» **Goal of the exercise**:
Leaving out every image, restate all the records word for word.

Dataset items:

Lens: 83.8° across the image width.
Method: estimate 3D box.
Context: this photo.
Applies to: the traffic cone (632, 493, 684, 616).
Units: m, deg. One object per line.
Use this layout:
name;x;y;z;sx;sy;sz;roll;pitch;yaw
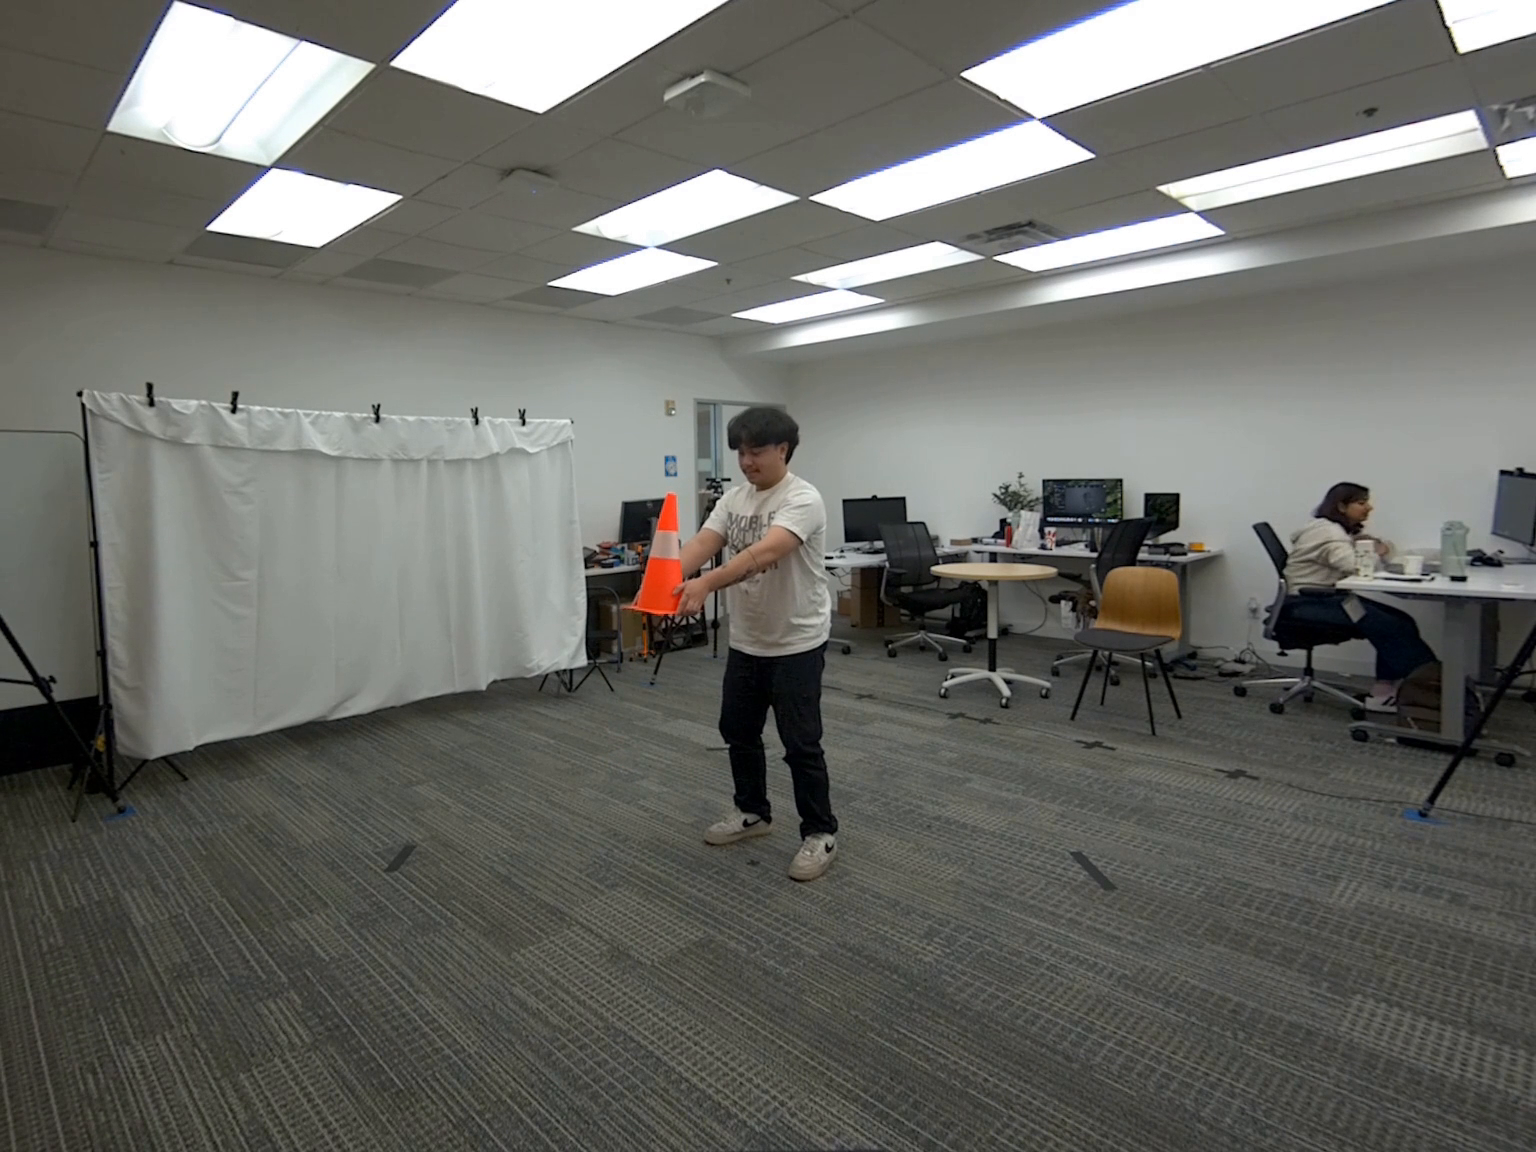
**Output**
traffic cone;-0.330;-0.077;2.772;0.210;0.384;0.198;4;-1;28

» **Response to the task**:
Lens: 83.8° across the image width.
Method: estimate 3D box.
Context: this photo.
Applies to: the traffic cone (632, 493, 684, 616).
Units: m, deg. One object per line.
Use this layout:
name;x;y;z;sx;sy;sz;roll;pitch;yaw
**Output**
traffic cone;-0.330;-0.077;2.772;0.210;0.384;0.198;4;-1;28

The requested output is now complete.